REQUIREMENT
Search term "trace": please copy every line of the records below that contains it.
===============
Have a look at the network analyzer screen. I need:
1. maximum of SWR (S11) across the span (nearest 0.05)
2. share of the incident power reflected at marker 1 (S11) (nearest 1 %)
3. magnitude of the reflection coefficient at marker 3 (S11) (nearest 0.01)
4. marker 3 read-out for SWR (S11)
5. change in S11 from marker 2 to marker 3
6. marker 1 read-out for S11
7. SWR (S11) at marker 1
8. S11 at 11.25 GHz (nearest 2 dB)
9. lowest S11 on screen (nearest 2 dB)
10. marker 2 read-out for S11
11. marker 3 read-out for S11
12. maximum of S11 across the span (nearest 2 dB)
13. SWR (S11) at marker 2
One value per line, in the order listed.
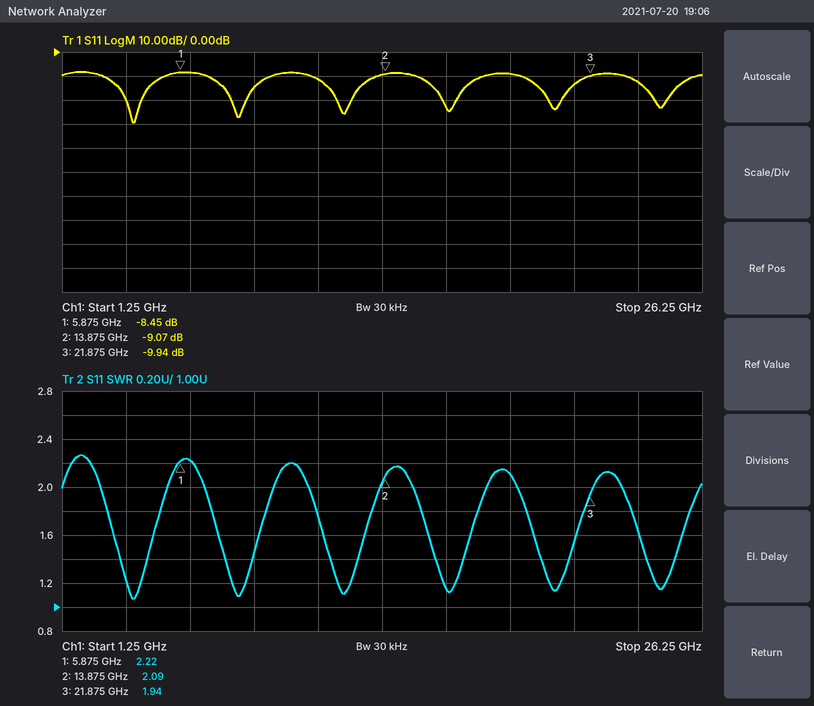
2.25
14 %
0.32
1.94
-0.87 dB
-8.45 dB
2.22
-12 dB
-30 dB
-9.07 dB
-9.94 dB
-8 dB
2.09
===============
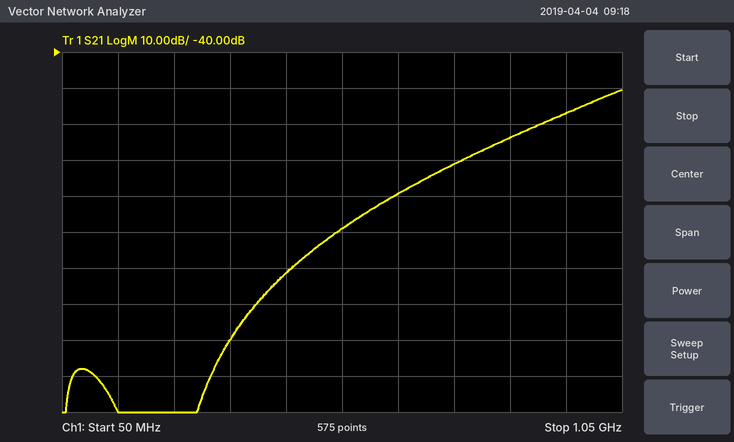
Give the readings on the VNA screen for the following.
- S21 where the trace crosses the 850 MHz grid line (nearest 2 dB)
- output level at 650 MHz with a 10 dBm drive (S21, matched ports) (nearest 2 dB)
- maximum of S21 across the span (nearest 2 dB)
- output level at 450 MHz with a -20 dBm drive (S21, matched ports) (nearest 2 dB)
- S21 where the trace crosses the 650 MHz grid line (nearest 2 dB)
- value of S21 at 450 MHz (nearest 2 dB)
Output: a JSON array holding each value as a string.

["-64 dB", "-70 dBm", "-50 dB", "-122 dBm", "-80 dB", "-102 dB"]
===============
ANSWER FOR THIS EXERCISE
- S21 where the trace crosses the 850 MHz grid line (nearest 2 dB)
- S21 where the trace crosses the 650 MHz grid line (nearest 2 dB)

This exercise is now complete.